- **YOUR INSTRUCTIONS**: Go through the material below and copy all lines with "around".

- **DATA FOR ANALYSIS**:

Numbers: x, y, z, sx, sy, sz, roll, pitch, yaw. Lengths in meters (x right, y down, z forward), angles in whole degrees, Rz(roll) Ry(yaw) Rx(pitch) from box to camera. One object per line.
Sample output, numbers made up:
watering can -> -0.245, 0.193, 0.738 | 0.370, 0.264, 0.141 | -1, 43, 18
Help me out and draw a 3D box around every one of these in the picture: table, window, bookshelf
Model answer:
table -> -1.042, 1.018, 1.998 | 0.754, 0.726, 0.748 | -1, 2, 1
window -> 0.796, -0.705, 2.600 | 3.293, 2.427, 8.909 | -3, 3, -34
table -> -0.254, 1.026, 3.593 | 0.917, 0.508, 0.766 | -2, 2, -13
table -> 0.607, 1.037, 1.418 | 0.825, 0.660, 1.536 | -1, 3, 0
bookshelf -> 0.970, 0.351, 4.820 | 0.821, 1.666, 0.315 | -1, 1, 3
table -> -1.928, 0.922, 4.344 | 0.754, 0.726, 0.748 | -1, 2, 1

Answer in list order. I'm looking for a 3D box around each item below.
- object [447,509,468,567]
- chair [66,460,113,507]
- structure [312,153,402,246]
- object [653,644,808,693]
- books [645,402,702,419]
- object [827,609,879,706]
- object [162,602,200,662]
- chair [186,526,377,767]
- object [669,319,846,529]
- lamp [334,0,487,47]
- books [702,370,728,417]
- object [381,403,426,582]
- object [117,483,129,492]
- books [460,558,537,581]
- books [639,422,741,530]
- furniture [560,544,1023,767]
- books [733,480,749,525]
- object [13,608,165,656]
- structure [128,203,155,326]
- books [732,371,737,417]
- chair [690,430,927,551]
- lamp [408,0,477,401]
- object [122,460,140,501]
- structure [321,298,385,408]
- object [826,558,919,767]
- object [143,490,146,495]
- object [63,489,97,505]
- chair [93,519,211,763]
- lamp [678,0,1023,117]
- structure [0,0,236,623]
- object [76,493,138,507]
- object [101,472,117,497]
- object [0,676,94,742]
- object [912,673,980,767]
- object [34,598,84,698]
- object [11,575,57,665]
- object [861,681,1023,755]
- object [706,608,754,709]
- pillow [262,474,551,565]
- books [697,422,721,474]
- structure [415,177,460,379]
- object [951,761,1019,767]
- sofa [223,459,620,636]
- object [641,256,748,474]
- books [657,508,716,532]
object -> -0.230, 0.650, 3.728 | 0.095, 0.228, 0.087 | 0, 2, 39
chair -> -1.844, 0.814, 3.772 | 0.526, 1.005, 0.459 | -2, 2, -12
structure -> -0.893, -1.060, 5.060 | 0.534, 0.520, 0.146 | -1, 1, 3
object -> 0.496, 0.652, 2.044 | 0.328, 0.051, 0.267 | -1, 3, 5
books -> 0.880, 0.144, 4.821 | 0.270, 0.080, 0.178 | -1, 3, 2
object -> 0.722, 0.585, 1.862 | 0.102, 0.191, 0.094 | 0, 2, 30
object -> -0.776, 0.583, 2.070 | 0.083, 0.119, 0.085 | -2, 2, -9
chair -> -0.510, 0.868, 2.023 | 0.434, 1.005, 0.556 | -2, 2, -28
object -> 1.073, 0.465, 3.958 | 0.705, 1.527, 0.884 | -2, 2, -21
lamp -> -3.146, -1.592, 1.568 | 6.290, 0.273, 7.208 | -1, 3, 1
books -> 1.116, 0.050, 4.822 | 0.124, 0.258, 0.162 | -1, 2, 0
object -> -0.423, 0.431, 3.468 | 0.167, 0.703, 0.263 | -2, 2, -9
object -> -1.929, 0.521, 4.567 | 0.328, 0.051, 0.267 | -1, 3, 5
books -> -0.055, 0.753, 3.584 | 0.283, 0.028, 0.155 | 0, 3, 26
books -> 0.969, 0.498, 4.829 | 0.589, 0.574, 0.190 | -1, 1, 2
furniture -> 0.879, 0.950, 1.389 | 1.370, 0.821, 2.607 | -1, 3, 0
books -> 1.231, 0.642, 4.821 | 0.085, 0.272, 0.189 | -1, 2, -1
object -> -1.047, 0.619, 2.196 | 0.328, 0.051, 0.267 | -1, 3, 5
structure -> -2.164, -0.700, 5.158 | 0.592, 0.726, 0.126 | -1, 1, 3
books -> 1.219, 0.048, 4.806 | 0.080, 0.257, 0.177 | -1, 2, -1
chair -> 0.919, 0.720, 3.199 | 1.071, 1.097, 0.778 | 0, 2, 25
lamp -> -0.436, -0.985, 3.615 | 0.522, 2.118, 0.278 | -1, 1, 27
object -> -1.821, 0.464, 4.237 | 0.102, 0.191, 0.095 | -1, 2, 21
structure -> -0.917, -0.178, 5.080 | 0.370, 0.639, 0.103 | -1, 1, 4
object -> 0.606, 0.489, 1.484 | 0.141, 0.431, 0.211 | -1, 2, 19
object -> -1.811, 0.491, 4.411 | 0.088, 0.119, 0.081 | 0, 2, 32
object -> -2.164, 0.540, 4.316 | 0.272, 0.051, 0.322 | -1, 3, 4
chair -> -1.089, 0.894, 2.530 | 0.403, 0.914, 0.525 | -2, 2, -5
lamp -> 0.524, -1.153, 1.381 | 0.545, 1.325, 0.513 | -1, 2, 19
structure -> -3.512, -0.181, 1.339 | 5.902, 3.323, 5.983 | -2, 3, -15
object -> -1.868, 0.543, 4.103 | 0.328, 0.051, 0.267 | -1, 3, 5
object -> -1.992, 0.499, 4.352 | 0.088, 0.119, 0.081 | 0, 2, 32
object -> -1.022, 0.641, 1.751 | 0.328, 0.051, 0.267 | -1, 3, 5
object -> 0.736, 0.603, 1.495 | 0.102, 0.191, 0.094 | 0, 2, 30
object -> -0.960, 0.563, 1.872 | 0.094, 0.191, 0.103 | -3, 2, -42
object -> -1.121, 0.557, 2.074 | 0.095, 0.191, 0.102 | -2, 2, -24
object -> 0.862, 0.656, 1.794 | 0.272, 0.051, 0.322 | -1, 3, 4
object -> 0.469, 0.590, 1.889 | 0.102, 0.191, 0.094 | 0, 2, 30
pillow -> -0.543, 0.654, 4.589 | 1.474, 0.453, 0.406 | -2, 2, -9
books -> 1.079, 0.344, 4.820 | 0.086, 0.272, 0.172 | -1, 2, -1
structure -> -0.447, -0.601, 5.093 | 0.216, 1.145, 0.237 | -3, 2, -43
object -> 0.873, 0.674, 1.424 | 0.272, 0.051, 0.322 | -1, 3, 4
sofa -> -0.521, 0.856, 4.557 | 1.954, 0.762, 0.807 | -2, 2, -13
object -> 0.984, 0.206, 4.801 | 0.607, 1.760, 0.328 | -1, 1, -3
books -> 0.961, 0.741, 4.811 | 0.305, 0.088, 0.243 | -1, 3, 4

- **YOUR RESPONSE**:
Help me out and draw a 3D box around every one of these in the picture: table, window, bookshelf
Answer in list order. I'm looking for a 3D box around each item below.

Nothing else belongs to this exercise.